Description: We discuss how objects contract and the spacecraft-on-a-rope paradox. (04:35)
Instructor: Prof. Markus Klute
MARKUS KLUTE: Welcome back to 8.20, special relativity. In this section, we want to talk and investigate a bit more length contraction. We have seen length contraction a few times already in this class. We have derived it. We have seen it in application. But we want to get some sort of feeling to how can we actually understand what's happening to the objects. Later in this section, in this video, we'll talk about another paradox, spacecraft on a rope. So let's get to it.
So the situation here is as we have seen a few times already. We have Alice being at rest, and Bob is moving with a velocity v. And what we are interested in is this object here, which might be a rod of some sort. You can think about a spacecraft if you want, but a specific object, which, at rest, has a length LB. For Alice, this object is Lorentz contracted, and it appears shorter.
So now what happens now if Bob accelerates from his velocity v to a velocity v plus delta v with respect to Alice? How does the acceleration occur? And how can we understand then the further shrinking of the spacecraft?
Bob tries really, really hard to accelerate such that all elements of this rod or spacecraft are being accelerated simultaneously in his framework. You can think about splitting up the spacecraft into small elements. They're all getting a little bit of a kick, a little bit of an extra momentum at the very same time.
So, if now Alice observes the same situation, we find that she looks at the spacecraft. And, because the leading clock in the spacecraft, in Bob's spacecraft, lags, she observes that the spacecraft's back is being accelerated first. And, because it's accelerated first, she observes that the spacecraft shrinks just a little bit because of the additional velocity. Well, that's kind of an interesting picture to think about how we can understand length contraction and how we can understand length contraction once there's acceleration involved.

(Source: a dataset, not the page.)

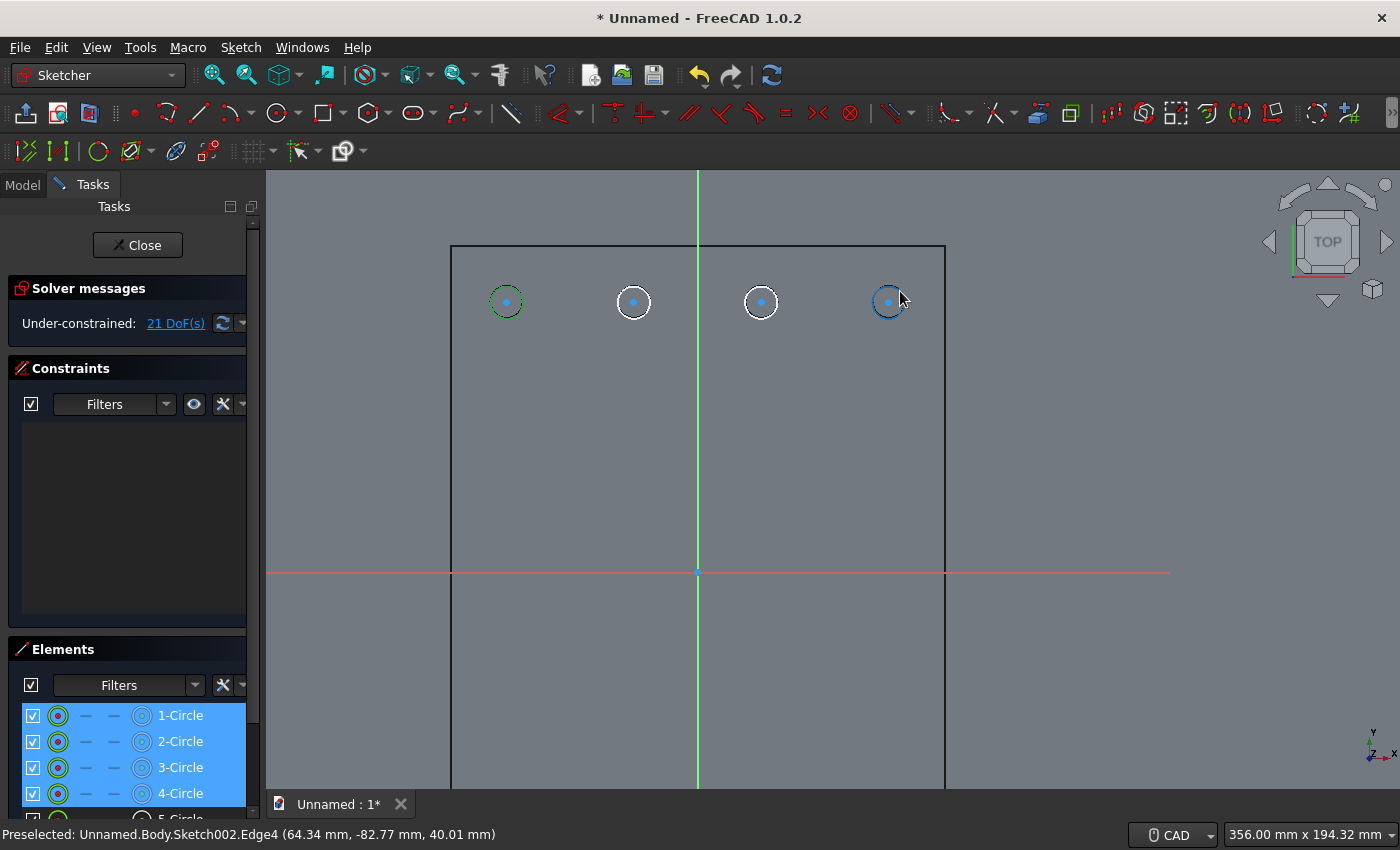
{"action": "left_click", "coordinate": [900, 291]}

OK, so the next question now or the next topic here in this video is the spacecraft on a rope paradox. This was phrased by Bell in the 1950s and '60s. He was working at CERN at the time and roaming the corridors, discussing with his colleagues.

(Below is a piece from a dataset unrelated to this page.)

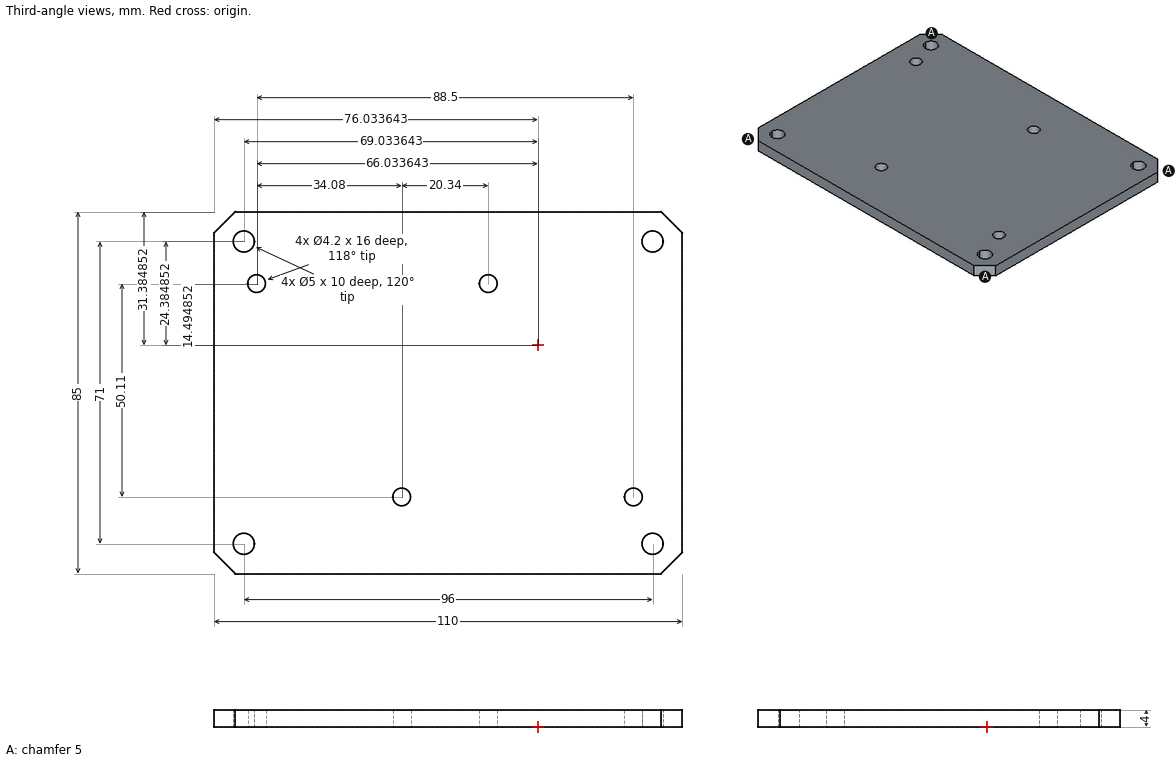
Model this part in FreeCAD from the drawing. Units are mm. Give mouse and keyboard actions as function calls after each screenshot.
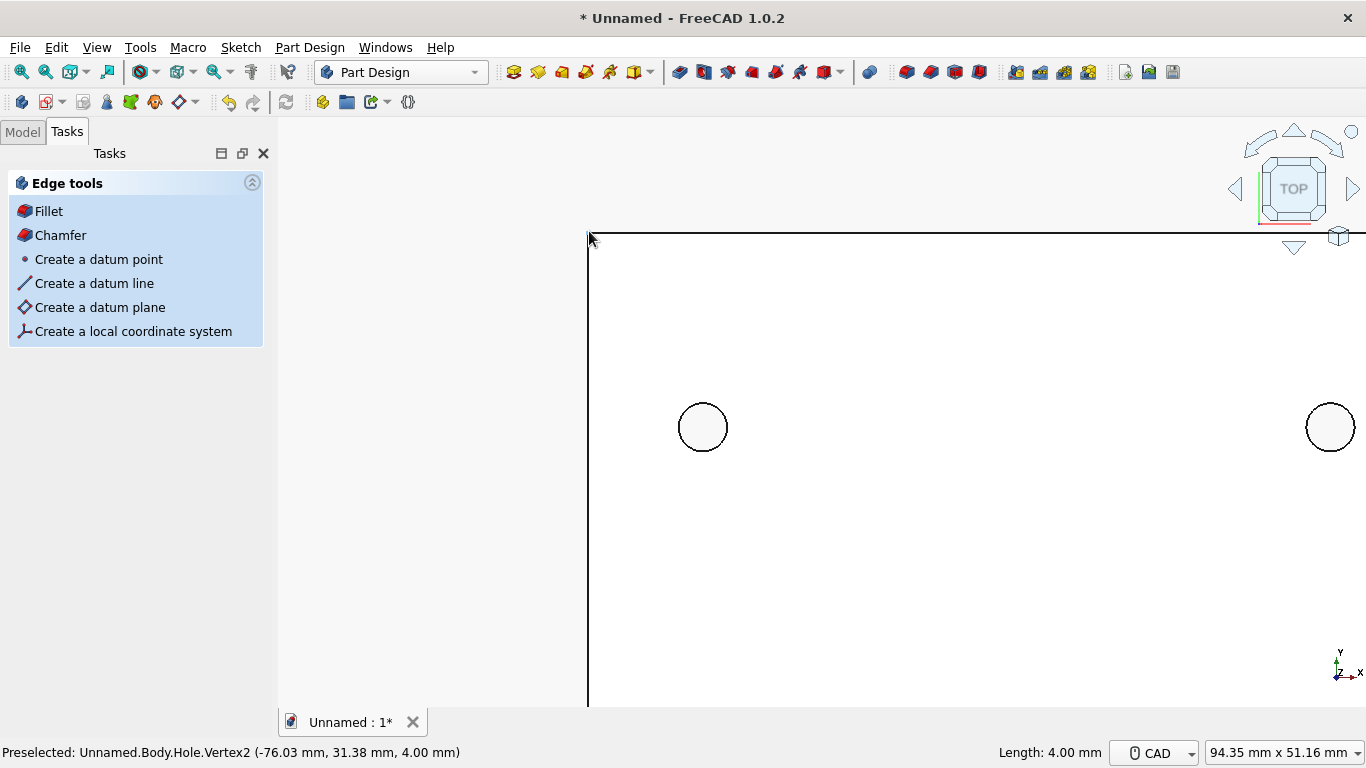
click(22, 72)

The situation here is related to the one we just discussed, but slightly different. So let me explain. So again we have Alice as an observer, observer in a reference frame A, observing two spacecrafts. They are identical spacecrafts. They have the same engines. And they are separated by distance D.

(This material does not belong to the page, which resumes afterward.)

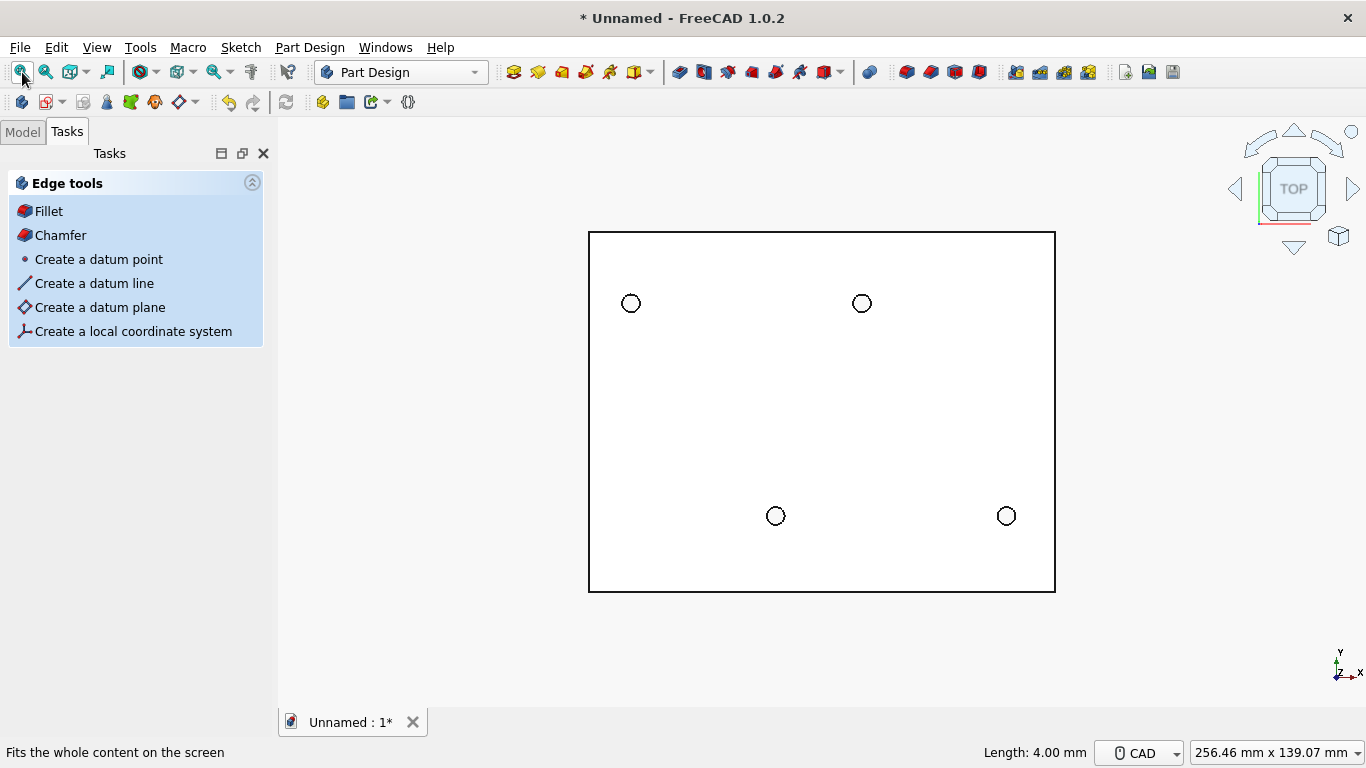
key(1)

So now Alice gives a signal to both spacecrafts simultaneously in her reference frame to accelerate at the same time such that the distance between B and C remains constant. So they're asked to accelerate such that the distance remains constant.
Well, the question now is, when those two spacecrafts are connected with a rope, will this rope break? So I'll let you think about this a bit and come up with your own answer.
In the meantime, this is not such a hard problem actually. In order to keep the distance constant for A, the distance in the BC reference frame, in the reference frame of the two spacecrafts, needs to expand. So LA, so the distance as observed by Alice or reference frame A, is equal to 1 over gamma, the distance between the two [? planes. ?] And for this to stay-- for LA to stay constant while there's acceleration going on, LBC needs to increase. That's why the rope will break.